Seemingly along with every other industry, American shopping malls are slipping into the Slough of Despond that they helped to create, leaving Romero's zombies and incompetent teenaged cashiers with nowhere to go and nothing to buy- the American equivalent of nihilism. This news would mark a gala day for me, were it not for the depressing note that a dead mall, "can devastate the surrounding community". Many small towns are at risk of going belly up without the local mall anchoring their economy, huge swaths of the nation having gone from farms and factories to Abercrombie & Fitch in just a few decades.

Think I'm kidding? One of the characters in Dawn of the Dead has to have a shopping mall explained to him because the 1978 audience couldn't be expected to have seen one yet. Three decades later, and European friends tell me how amazed they were to travel the country and see nothing but vast exapnses of these cubic shrines to consumption.
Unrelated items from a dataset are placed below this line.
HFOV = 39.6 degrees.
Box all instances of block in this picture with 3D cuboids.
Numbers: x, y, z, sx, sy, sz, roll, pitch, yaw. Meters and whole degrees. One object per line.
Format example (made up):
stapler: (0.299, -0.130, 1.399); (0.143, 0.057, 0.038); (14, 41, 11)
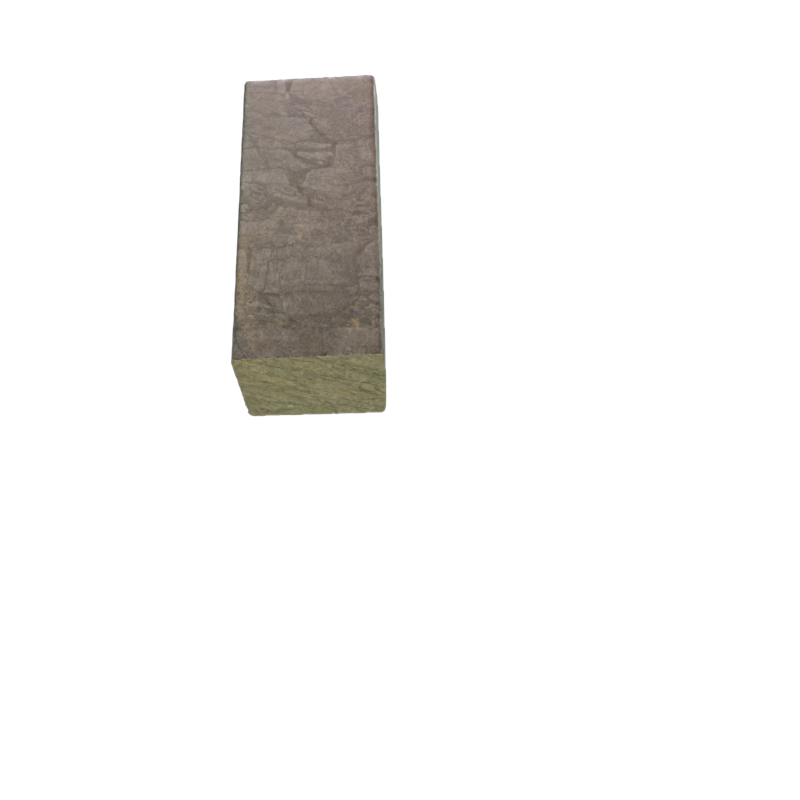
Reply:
block: (-0.057, -0.103, 0.726); (0.091, 0.219, 0.084); (-3, -28, 1)

According to the article, something like 400 malls have gone under, and there's now only one big mall being built- what its developer refers to with the non-term "shoppertainment" complex, although it's not clear if that word came from his mouth or the other end. And from the sound of it, there might be no end to the collapse of malls. Admittedly, my natural response to that is to squeel ''Oooooh, yes!!''

Malls are the natural habitat of a bourgeois middle class that might well be vanishing in the United States. Wal-Mart is now thriving. For the most part though, malls offer very little of real value, outside of a certain ''experience''. Experiences have been the common currency of bourgeois life since the 1800s. This is the story of modernity- separated from any real political objectives, the middle class tries to live as if they're dreaming- cultivating experiences- the more theatricalized the better- becomes more important than satisfying real needs. So, maybe this hollowing out of the middle class and their malls will mean a return to seriousness. On the other hand, the idea of Americans experimenting with seriousness makes me as uneasy as a monkey experimenting with a handgun.

3 comments:

Holly said...

Oh, come on! A mall is like an airport, without the imminent threat of being strapped into a very expensive thrill ride. You get dropped off there, or drop someone off there, and there is a happy reunion at some later point, often with presents! What's the problem?
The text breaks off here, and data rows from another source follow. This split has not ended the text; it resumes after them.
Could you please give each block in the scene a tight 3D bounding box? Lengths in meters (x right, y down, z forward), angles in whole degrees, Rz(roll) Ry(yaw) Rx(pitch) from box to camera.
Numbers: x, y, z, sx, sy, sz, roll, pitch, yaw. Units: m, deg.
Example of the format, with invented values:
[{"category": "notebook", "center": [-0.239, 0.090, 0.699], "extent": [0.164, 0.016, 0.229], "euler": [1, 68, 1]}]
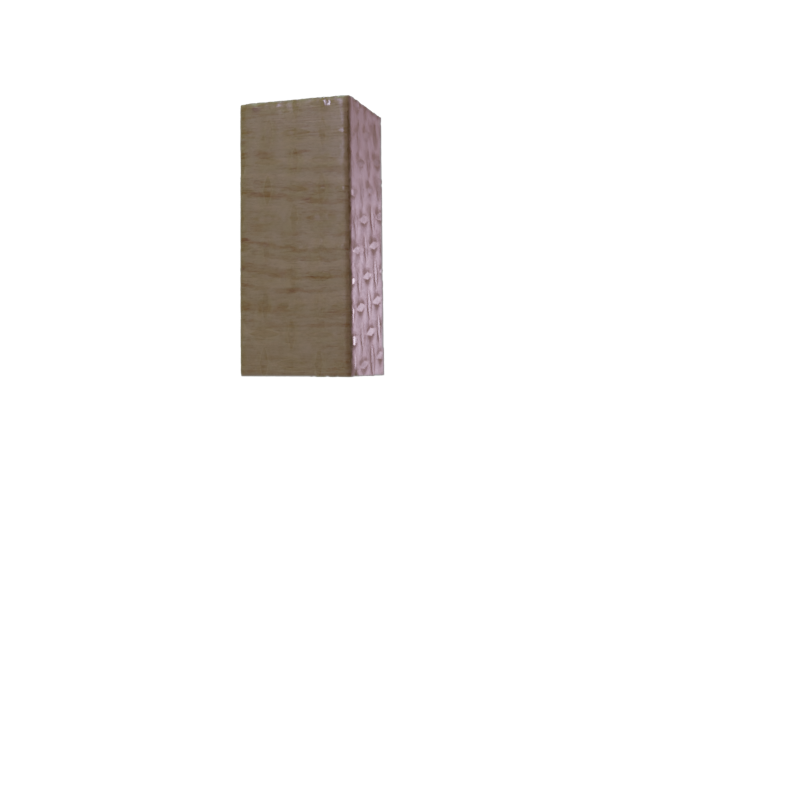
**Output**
[{"category": "block", "center": [-0.068, -0.123, 0.858], "extent": [0.093, 0.209, 0.087], "euler": [-2, -5, 18]}]

I'm not sad the malls are dying off in droves, but I am sad the WalMarts aren't. Those things are hard to kill.

Rufus said...

Eh, what can I say? I love airports, but for me, going to the mall is slightly less enjoyable than going to the dump and shooting rats. I think Wal-Mart is going strong because it's the cheaper version of the mall. Of course, going there is a bit like being trapped in the middle of a looting. But, again, if people like that sort of thing...

narrator said...

I remember my introduction to the American mall. Odd though it was... urban, tiered parking... but an entire structure devoted to riding escalators for no apparent purpose. Oh well, here's to "The Mall in New Rochelle" - since replaced with a "sports and entertainment mall" (18 theaters, IMAX, indoor amusement park, hockey rink, race track) - which, though perhaps delayed by financial collapse, is supposed to be converted back to shopping (Target/Kohl's). Round and round we go, but I'll always remember the cut-rate faux-abstract sculptures and fountains of my adolescence. And "World Imports"- the biggest paraphernalia store of my experience to that point.